## Instructions to follow
Below this task are records; return each one exactly and omit its images.
Supplied records START
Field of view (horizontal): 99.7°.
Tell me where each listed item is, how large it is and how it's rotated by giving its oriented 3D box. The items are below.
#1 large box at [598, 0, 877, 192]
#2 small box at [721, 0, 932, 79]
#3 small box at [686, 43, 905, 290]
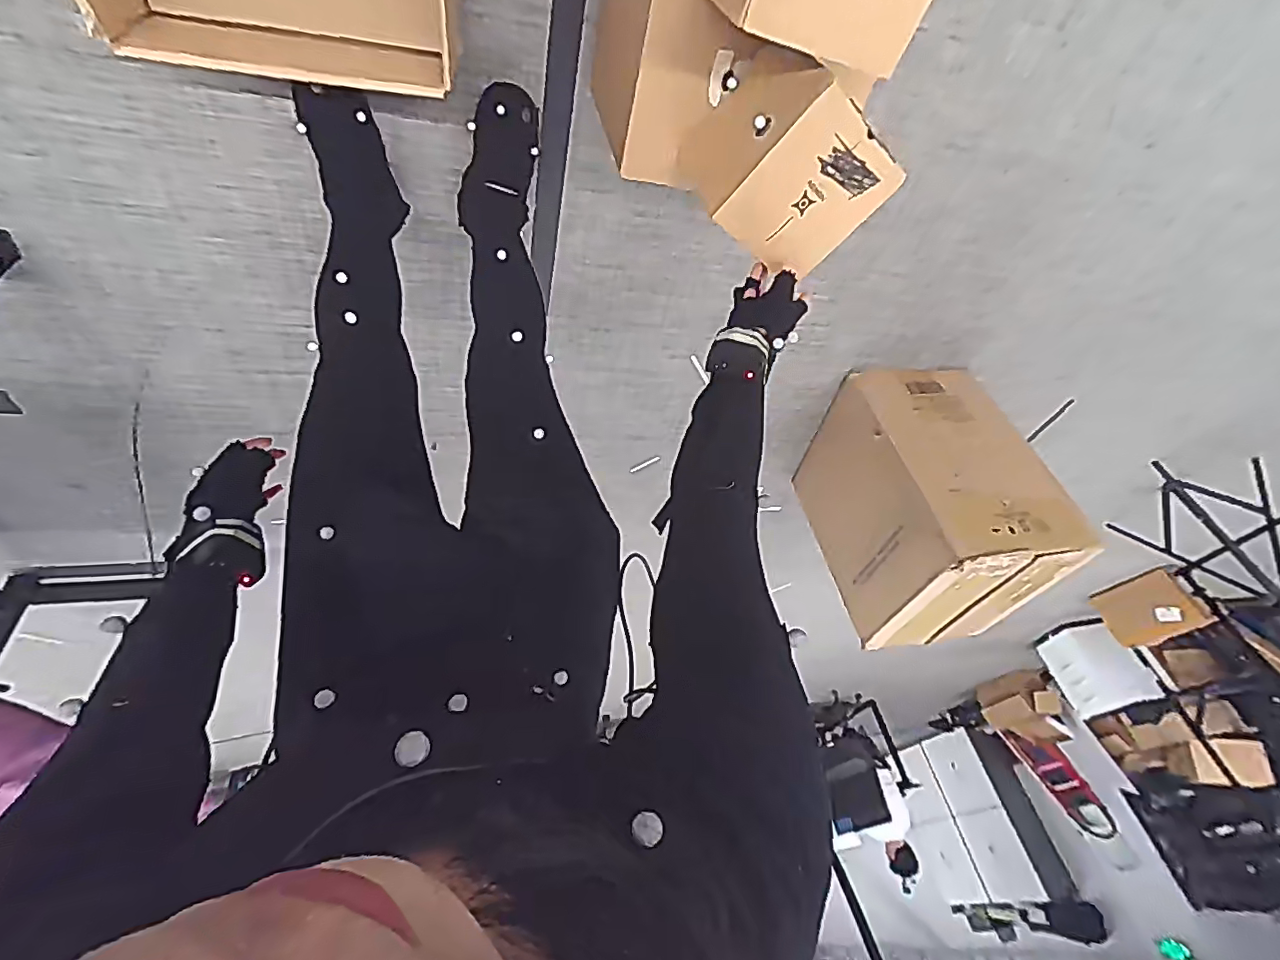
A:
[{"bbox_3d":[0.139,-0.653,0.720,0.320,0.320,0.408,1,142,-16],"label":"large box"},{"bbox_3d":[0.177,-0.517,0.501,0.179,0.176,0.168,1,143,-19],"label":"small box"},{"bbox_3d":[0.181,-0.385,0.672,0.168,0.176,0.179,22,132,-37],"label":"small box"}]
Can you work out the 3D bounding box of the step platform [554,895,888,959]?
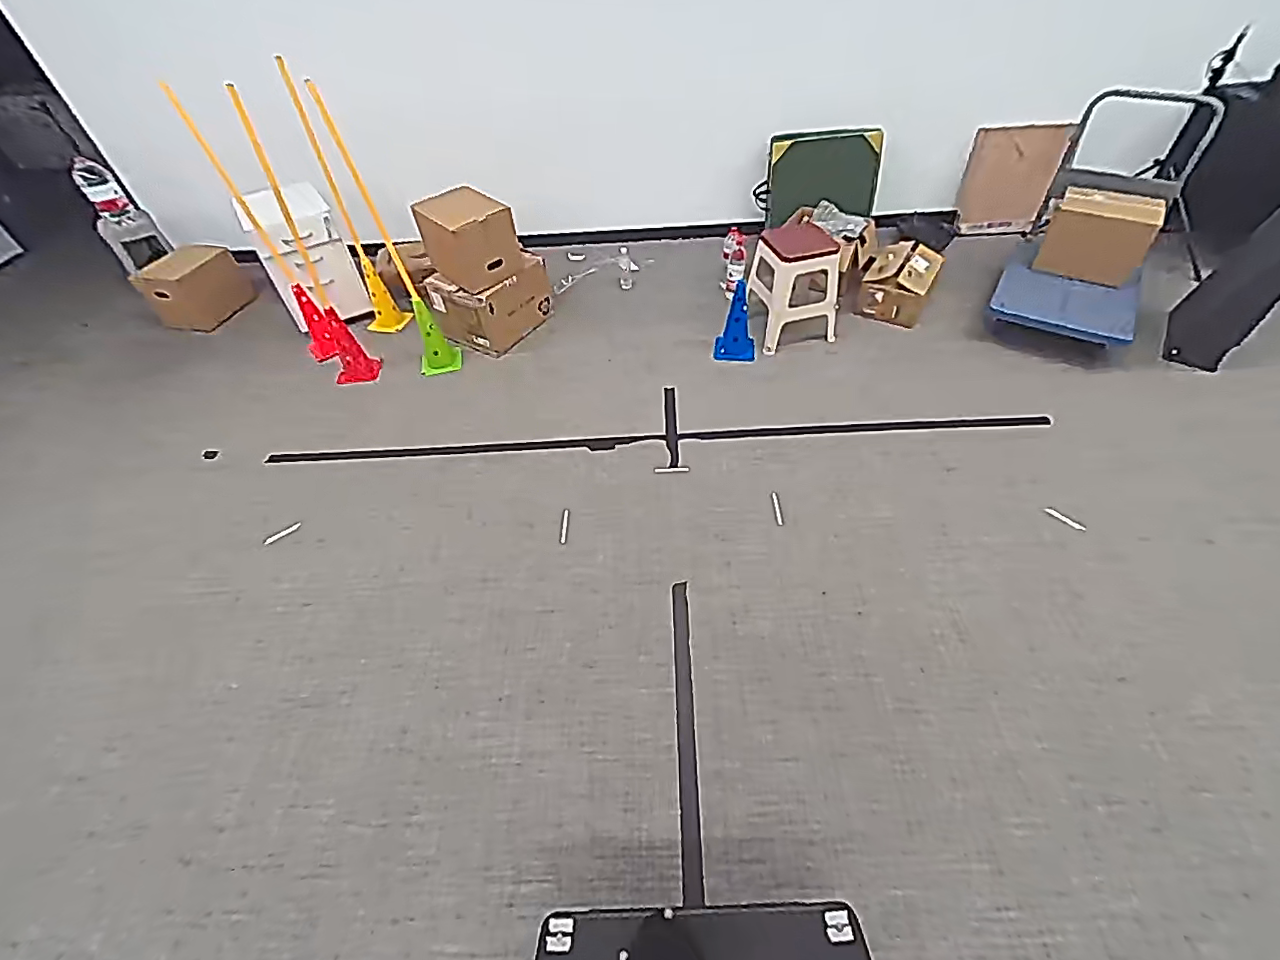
Supplied records END
## Solution to this exercise
Field of view (horizontal): 99.7°.
Tell me where each listed item is, how large it is and how it's rotated by giving its oriented 3D box. The items are below.
#1 large box at [598, 0, 877, 192]
#2 small box at [721, 0, 932, 79]
#3 small box at [686, 43, 905, 290]
A:
[{"bbox_3d":[0.139,-0.653,0.720,0.320,0.320,0.408,1,142,-16],"label":"large box"},{"bbox_3d":[0.177,-0.517,0.501,0.179,0.176,0.168,1,143,-19],"label":"small box"},{"bbox_3d":[0.181,-0.385,0.672,0.168,0.176,0.179,22,132,-37],"label":"small box"}]
Can you work out the 3D bounding box of the step platform [554,895,888,959]?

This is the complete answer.